Wow. Tabling turns a non-LL(1) grammar with explosive parse times into something tractable

TL;DR: a single table directive reduced parsing time for a non-LL(1) grammar from 260 or 290 seconds to about 20 milliseconds. (So: four orders of magnitude speedup.) Great work! Thank you!

In connection with some work a colleague and I are doing, I have spent a little time writing a DCG grammar for first-order predicate calculus in something like the form I normally use if I have to type a formula in an email, and adapting code from Clocksin and Mellish to turn the formulas into clausal form.

Everything worked fine on the kind of small examples given by Clocksin and Mellish, like

(exists $x)(female($x) & child_mother($x, eve))

but it appeared utterly incapable of parsing samples of formulas we were actually interested in, like:

(all $edoc, $tdoc: doc)
 (e_t($e, $t) implies
  (all $e : token)(doc_tok($edoc, $e) implies
   (exists $t : token)
    (doc_tok($tdoc, $t)
      and e_t($e, $t)
      and (all $x : token)
      ((doc_tok($tdoc, $x) and e_t($e, $x))
       implies $x = $t))))

(This is a formulation of the English sentence “If document T is a transcript of document E, then for each token e in E there is exactly one token t in T such that token t transcribes token e, and e is the exemplar of t.”)

Some time working with smaller versions of this formula showed that it is not one particular construct on which the parser was going crazy, but that parsing time was growing polynomially, or exponentially, with the length of the input. So: really long formulas were going to be a serious problem. I don’t know how long the formula given took to parse – I gave up and cancelled it before it completed. A shorter version, minus the first two lines, took 260 seconds, or over 300 seconds, to parse.

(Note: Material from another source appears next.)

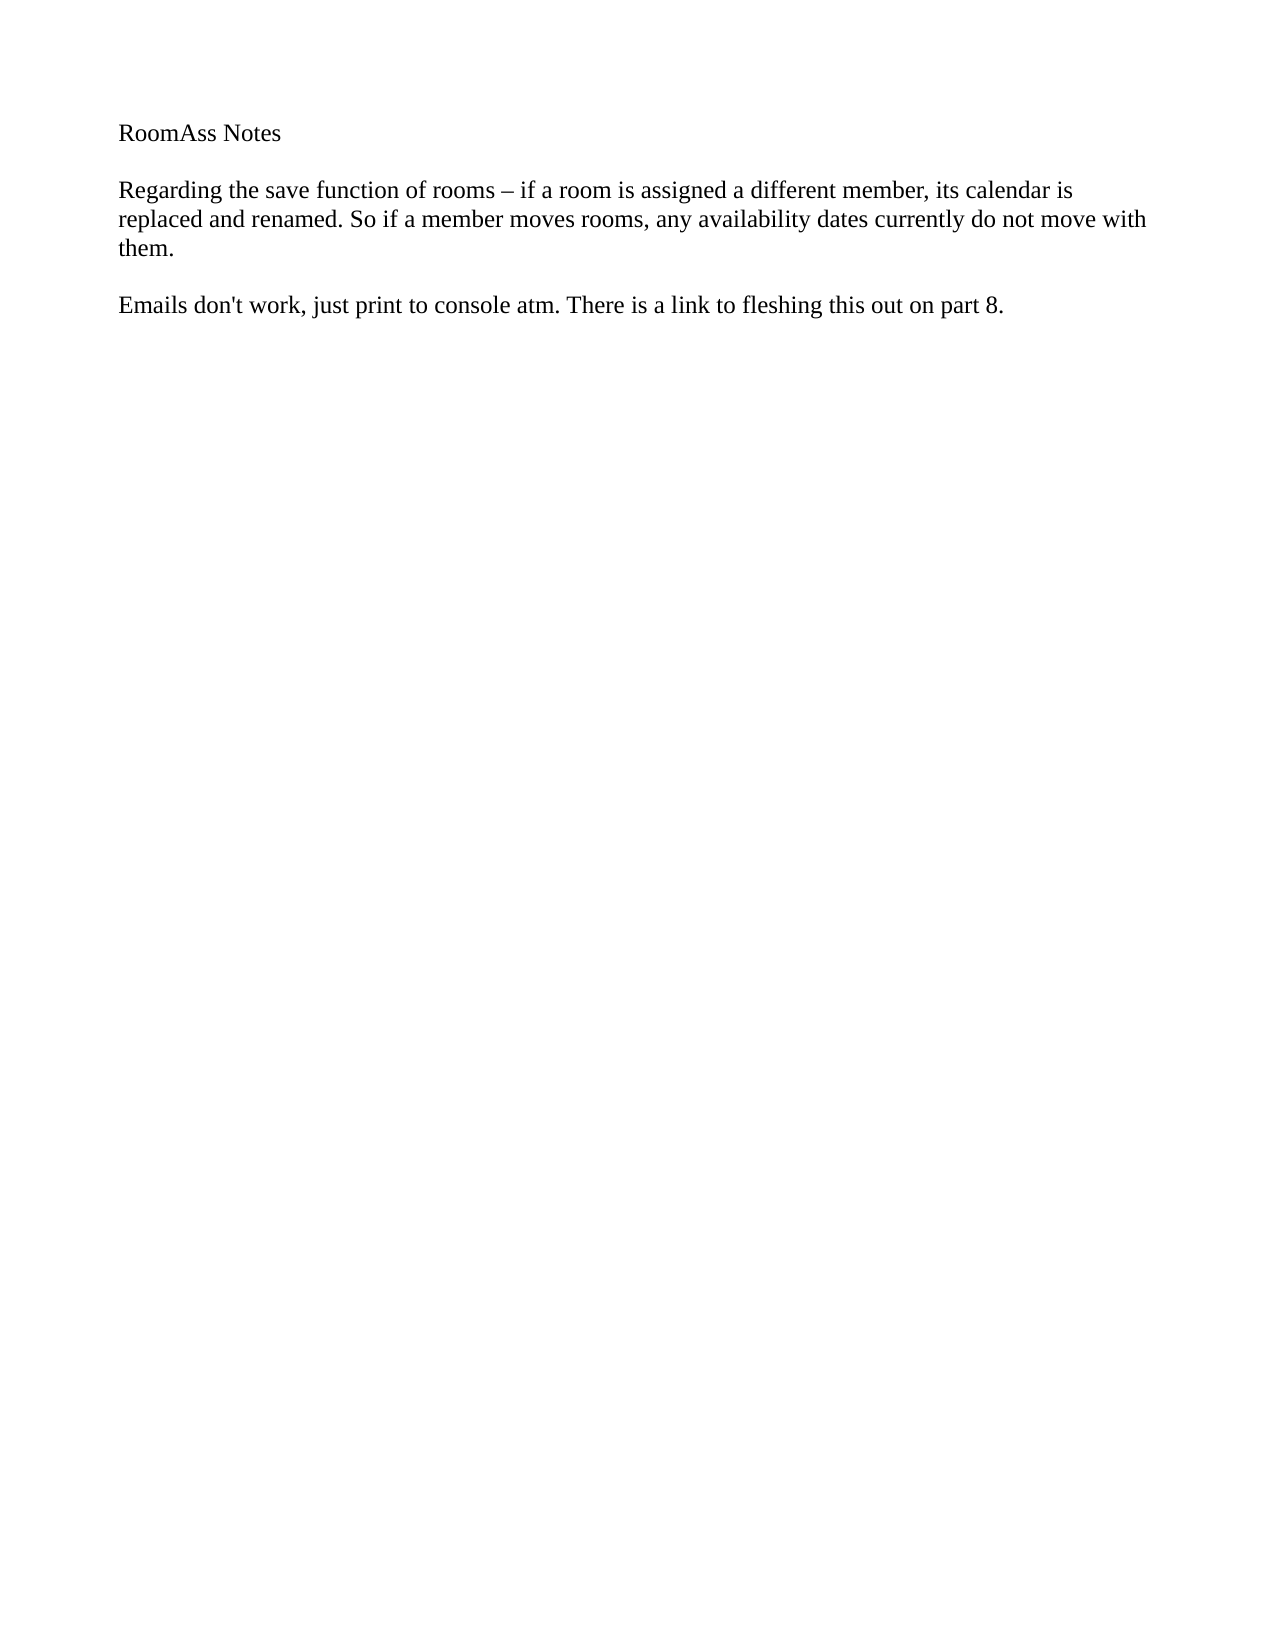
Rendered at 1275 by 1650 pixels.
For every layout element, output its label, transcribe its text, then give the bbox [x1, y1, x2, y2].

Some time tracing (and even more time trying to figure out how to use tracing to see what was happening at a useful level of detail) helped me realize that the problem was an interaction between DCG parsing and the way the grammar was written. To keep the grammar simple (so it would be easier to make it correct), I had made no effort to factor out common prefixes, so that to distinguish among A iff B, A implies B, A and B, and A or B, the parser had to read all of A several times to get to the point where the relevant operator could be found. When “iff” is not found, the parser starts over and reads A again to see if it’s the beginning of a conditional. And so on.

I could rewrite the grammar to be more nearly LL(1), at the cost of time and tedium (especially in the rewriting of the rules for constructing the parse tree to be fed into the clausification routines). That would reduce the need for parsing the same portion of the input many times. Or I could write a chart parser, to remember how to parse A and not have to do it all over again.

At this point in my thinking, I remembered that I had noticed something in the manual saying that an implementation of tabling had been added to the system. I was not certain it would work in this case, since all the examples are of recursive predicates, and it was not clear to me whether the whole idea of memoization would work very well for grammar rules.

But it seemed worth a shot. So I tried tabling the ‘biconditional’ rule, having noticed that the parser spent a lot of time trying to parse things as biconditionals – pointlessly, in this case, since there are no biconditionals in the input. The biconditional rule is a dead end. If I could keep the parser from calling it 150 times (I don’t understand how it got to that many, but that’s how many calls I counted while tracing), maybe things would go faster. But that seemed like another reason it might not work: would a tabling implementation keep a record of inputs for which the answer is ‘fail’? Hm. Don’t know. So I tried

?- table biconditional//1.

and reparsed the sentence. Instead of 260 seconds, it took four seconds and a bit.

Experiments showed that tabling the (recursive) root non-terminal or the ‘basic_formula’ non-terminal got it down to 0.02 seconds. Tabling a larger number of non-terminals reduced the number of logical inferences but not the run time, suggesting that the tradeoff between extra overhead and more comprehensive memoization is reached quickly.

I do not believe I have ever seen a single directive reduce run time by a factor of 10,000 before. (The closest thing in my experience was telling a mainframe SQL database to update its statistics, which made queries run a few hundred times faster. That was good; this is even better.)

So this is to thank Jan – and the people who worked to develop the idea of tabling in Prolog in the first place. Great work! Thank you very much.

And to anyone else reading this: if you haven’t tried tabling, and if you ever care about performance issues (I mostly don’t, unless they affect me personally, but then I do care), then it’s worth knowing about tabling and how to turn it on.